Thiel is the guy who was secretly funding Hulk Hogan’s lawsuit against Gawker.

“Silicon Valley Startups Aren’t Really Creating Many Jobs”

“One theory is that companies over the last 10-15 years, unlike in the ’90s, don’t need to hire as many people because the software — loosely described as machines — is doing the work,” he explained. “It’s the classic case of how many people actually work for Facebook versus its market capitalization. Another theory is that a lot of these companies get bought up or they fail — and if you fail, you can’t hire more workers.”

Economists Suggest Silicon Valley Startups Aren’t Really Creating Many Jobs

Technology is absolutely phasing out jobs permanently but you also have many companies that won’t offer to help educate and modernize employees with skill sets and tools they need to be more relevant in today’s job market.

So just learn on your own, right? Sure. For me that’s pretty easy. I can look at code and read books and pick up new technologies pretty quickly, but most people are not that adept with technology. Technology is scary to a lot of people.

I see it firsthand when I go home for the holidays and I become the ‘gadget fixer’ for everyone. I’m also the IT department for my mother-in-law, and occasionally, her boss. My wife also has an aunt who’s solution to maxing out her iPhone with thousands of photos is to just buy a new iPhone with more capacity.

I’m going off on a bit of a tangent but my point is these average, everyday people I’m describing are the same people that are susceptible to being made redundant by technology.

Categories:

Career, Finance

Money Ain’t A Thang

These startups-finding-their-way stories blow my fucking mind. Maybe they shouldn’t but they do. How people can raise tens of millions of dollars without shit to show for it is beyond me (maybe this is why I’ve never started or worked at a startup).

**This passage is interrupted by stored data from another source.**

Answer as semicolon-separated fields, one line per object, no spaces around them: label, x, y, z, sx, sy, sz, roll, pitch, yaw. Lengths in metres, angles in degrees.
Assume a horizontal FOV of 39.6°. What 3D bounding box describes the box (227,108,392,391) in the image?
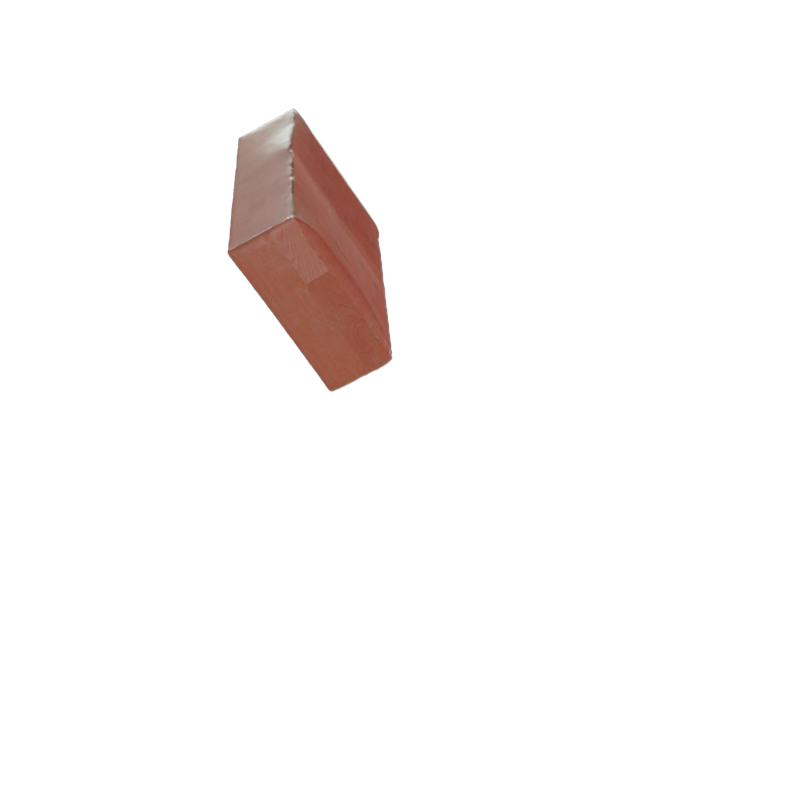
box;-0.076;-0.139;0.976;0.072;0.153;0.228;-27;32;15
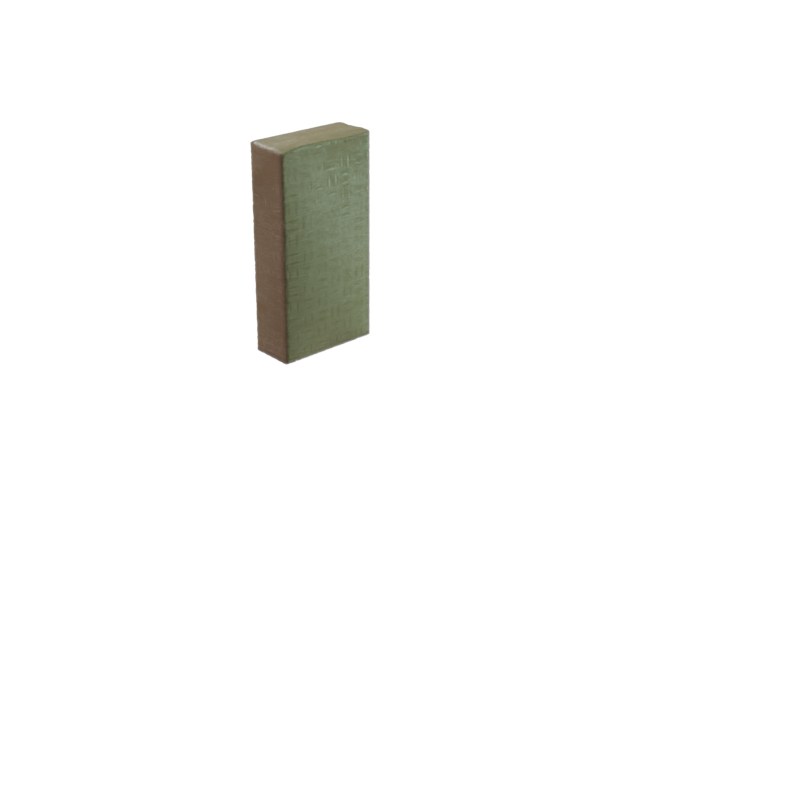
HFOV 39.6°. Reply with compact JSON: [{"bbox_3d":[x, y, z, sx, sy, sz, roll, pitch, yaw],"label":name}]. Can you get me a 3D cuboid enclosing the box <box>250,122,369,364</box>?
[{"bbox_3d":[-0.069,-0.126,0.884,0.092,0.167,0.051,-20,32,-39],"label":"box"}]
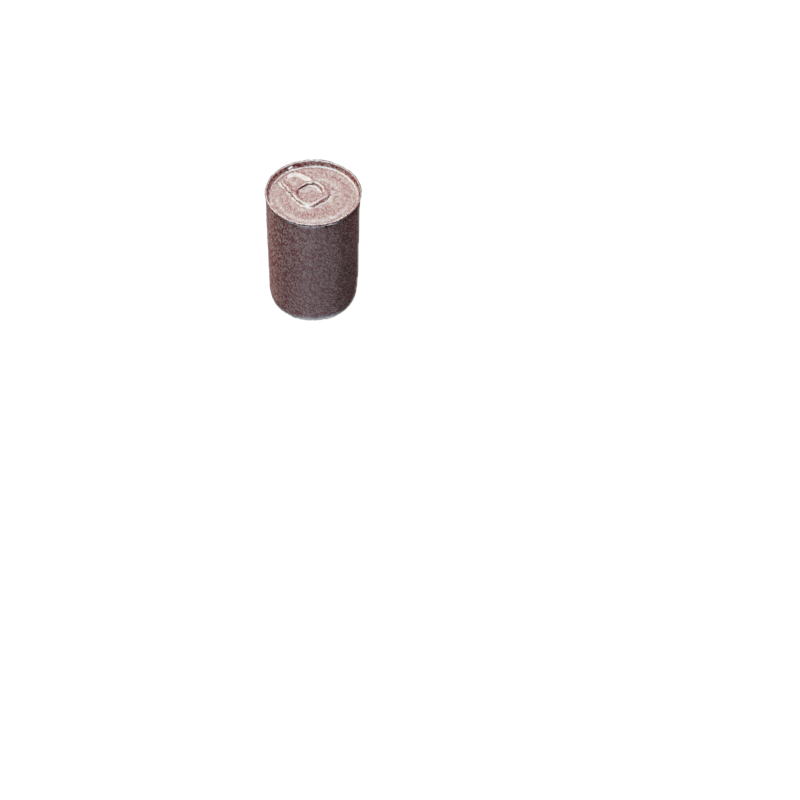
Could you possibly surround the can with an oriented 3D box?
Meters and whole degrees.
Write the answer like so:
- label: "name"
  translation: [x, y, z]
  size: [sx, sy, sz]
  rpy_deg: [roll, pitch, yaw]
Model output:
- label: "can"
  translation: [-0.063, -0.115, 0.809]
  size: [0.068, 0.074, 0.095]
  rpy_deg: [0, -41, -3]

Take Javascript platform, Famo.us:

Famo.us’ 15 minutes of open source fame have come to an end. JavaScript rendering engine Famo.us has pivoted away from its hardcore open sourced engineering platform which had raised over $31 million. It’s now refocused on commercializing the idea of powerful mobile web apps with a content management system for branded marketing apps.

Pivot. A brilliant word Silicon Valley loves to use. Wouldn’t it be nice if we non-entreprenuers could pivot on things in our lives? Like if those pesky rent payments aren’t working out, just pivot on them. The rent-paying world is ripe for disruption. Be innovative and begin paying your rent with a new currency you come up with yourself.

Back to Famo.us:

Famo.us’ ambitions were always lofty and a bit tough to explain. During the company’s debut on stage at TechCrunch Disrupt SF 2012 Startup Battlefield competition, rather than giving a traditional pitch, Famo.us CEO Steve Newcomb spent his whole six minutes asking people to imagine what could be done if apps were 3D instead of 2D and demoing a floating periodic table.

The judges seemed baffled, as you can see below. That’s in part because just days earlier, the team made its first pivot away from what it called BenchRank, a ranking system for people, into an HTML5 development platform. Newcomb and then-intern Mark Lu found they couldn’t build what they wanted with HTML5’s limitations, so they set out to fix them. That led co-founder Dan Lynch and much of the team to depart, leaving Newcomb and Lu to handle Disrupt.

Pick a pivot and go with it, guys.

One more nugget:

I spoke to Newcomb, who confesses that for six months the company struggled to come up with a way to actually earn money. A source close to the company tells me Newcomb pushed the engineer-heavy company into “ideation mode” that made some employees feel like the startup lacked direction. They described engineers as being “fed up.”

Newcomb himself admits it was a “divergent brainstorming process,” saying “We tried everything…we tried everything so we could create a business model around open source. And at the end of the day, we just couldn’t do it.”

Just couldn’t come up with a way to earn money. Classic.